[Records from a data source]
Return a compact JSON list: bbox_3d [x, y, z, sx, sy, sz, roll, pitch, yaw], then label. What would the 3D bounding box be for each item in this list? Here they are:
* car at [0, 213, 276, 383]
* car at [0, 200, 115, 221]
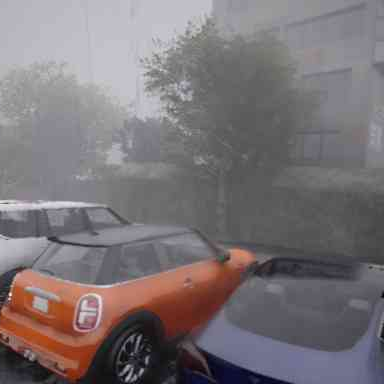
[{"bbox_3d":[-0.536,1.330,5.625,2.185,1.767,4.553,0,0,35],"label":"car"},{"bbox_3d":[-2.777,1.186,7.296,2.435,2.045,5.566,0,0,36],"label":"car"}]
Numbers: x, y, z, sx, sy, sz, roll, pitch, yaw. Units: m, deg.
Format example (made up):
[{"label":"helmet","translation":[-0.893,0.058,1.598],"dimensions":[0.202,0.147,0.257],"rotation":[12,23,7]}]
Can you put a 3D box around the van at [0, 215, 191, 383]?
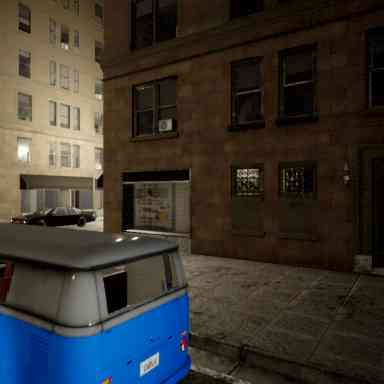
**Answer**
[{"label":"van","translation":[-1.937,1.341,4.067],"dimensions":[3.998,1.788,1.690],"rotation":[0,0,33]}]

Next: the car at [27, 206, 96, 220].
[{"label":"car","translation":[-8.757,1.627,21.480],"dimensions":[2.033,1.411,5.357],"rotation":[0,0,33]}]
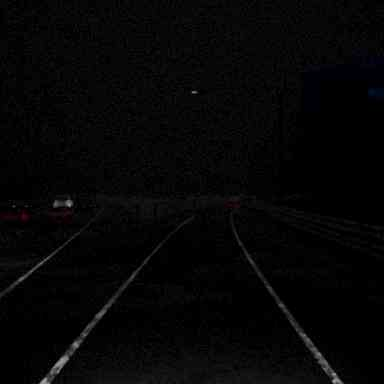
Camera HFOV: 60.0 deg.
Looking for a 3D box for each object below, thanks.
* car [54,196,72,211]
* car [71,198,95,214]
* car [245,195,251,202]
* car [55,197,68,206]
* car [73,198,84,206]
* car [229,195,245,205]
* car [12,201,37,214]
[{"bbox_3d":[-17.893,1.574,46.675,2.150,2.045,5.566,0,-1,-14],"label":"car"},{"bbox_3d":[-12.855,1.644,40.087,2.097,1.767,4.553,0,-1,-13],"label":"car"},{"bbox_3d":[11.614,1.447,73.311,1.882,1.535,5.008,0,0,24],"label":"car"},{"bbox_3d":[-28.102,1.997,71.791,2.097,1.767,4.553,0,-1,-16],"label":"car"},{"bbox_3d":[-24.632,2.147,72.362,1.837,1.490,4.892,0,-1,-16],"label":"car"},{"bbox_3d":[8.278,1.626,63.697,1.812,1.442,4.674,0,0,18],"label":"car"},{"bbox_3d":[-19.748,1.806,39.283,1.812,1.442,4.674,0,-1,-13],"label":"car"}]
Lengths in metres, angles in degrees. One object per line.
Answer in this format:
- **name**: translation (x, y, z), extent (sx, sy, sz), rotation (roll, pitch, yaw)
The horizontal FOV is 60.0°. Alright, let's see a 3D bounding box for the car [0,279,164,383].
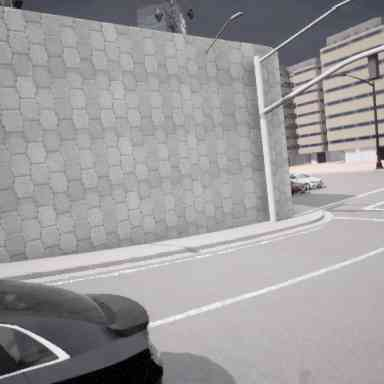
- **car**: translation (-2.530, 1.517, 2.185), extent (4.892, 1.490, 1.837), rotation (0, 0, -35)

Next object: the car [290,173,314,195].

INSTRUCTIONS TO FOLLOW
Word for word, reproduce all the data, but not the pictures.

TASK ANSWER
Return a compact JSON list: bbox_3d [x, y, z, sx, sy, sz, roll, pitch, yaw], then label. What would the 3D bounding box be for each item in this list? Here they are:
* car at [0, 213, 276, 383]
* car at [0, 200, 115, 221]
[{"bbox_3d":[-0.536,1.330,5.625,2.185,1.767,4.553,0,0,35],"label":"car"},{"bbox_3d":[-2.777,1.186,7.296,2.435,2.045,5.566,0,0,36],"label":"car"}]
Numbers: x, y, z, sx, sy, sz, roll, pitch, yaw. Units: m, deg.
Format example (made up):
[{"label":"helmet","translation":[-0.893,0.058,1.598],"dimensions":[0.202,0.147,0.257],"rotation":[12,23,7]}]
Can you put a 3D box around the van at [0, 215, 191, 383]?
**Answer**
[{"label":"van","translation":[-1.937,1.341,4.067],"dimensions":[3.998,1.788,1.690],"rotation":[0,0,33]}]

Next: the car at [27, 206, 96, 220].
[{"label":"car","translation":[-8.757,1.627,21.480],"dimensions":[2.033,1.411,5.357],"rotation":[0,0,33]}]
Camera HFOV: 60.0 deg.
Looking for a 3D box for each object below, thanks.
* car [54,196,72,211]
* car [71,198,95,214]
* car [245,195,251,202]
* car [55,197,68,206]
* car [73,198,84,206]
* car [229,195,245,205]
* car [12,201,37,214]
[{"bbox_3d":[-17.893,1.574,46.675,2.150,2.045,5.566,0,-1,-14],"label":"car"},{"bbox_3d":[-12.855,1.644,40.087,2.097,1.767,4.553,0,-1,-13],"label":"car"},{"bbox_3d":[11.614,1.447,73.311,1.882,1.535,5.008,0,0,24],"label":"car"},{"bbox_3d":[-28.102,1.997,71.791,2.097,1.767,4.553,0,-1,-16],"label":"car"},{"bbox_3d":[-24.632,2.147,72.362,1.837,1.490,4.892,0,-1,-16],"label":"car"},{"bbox_3d":[8.278,1.626,63.697,1.812,1.442,4.674,0,0,18],"label":"car"},{"bbox_3d":[-19.748,1.806,39.283,1.812,1.442,4.674,0,-1,-13],"label":"car"}]
Lengths in metres, angles in degrees. One object per line.
Answer in this format:
- **name**: translation (x, y, z), extent (sx, sy, sz), rotation (roll, pitch, yaw)
The horizontal FOV is 60.0°. Alright, let's see a 3D bounding box for the car [0,279,164,383].
- **car**: translation (-2.530, 1.517, 2.185), extent (4.892, 1.490, 1.837), rotation (0, 0, -35)

Next object: the car [290,173,314,195].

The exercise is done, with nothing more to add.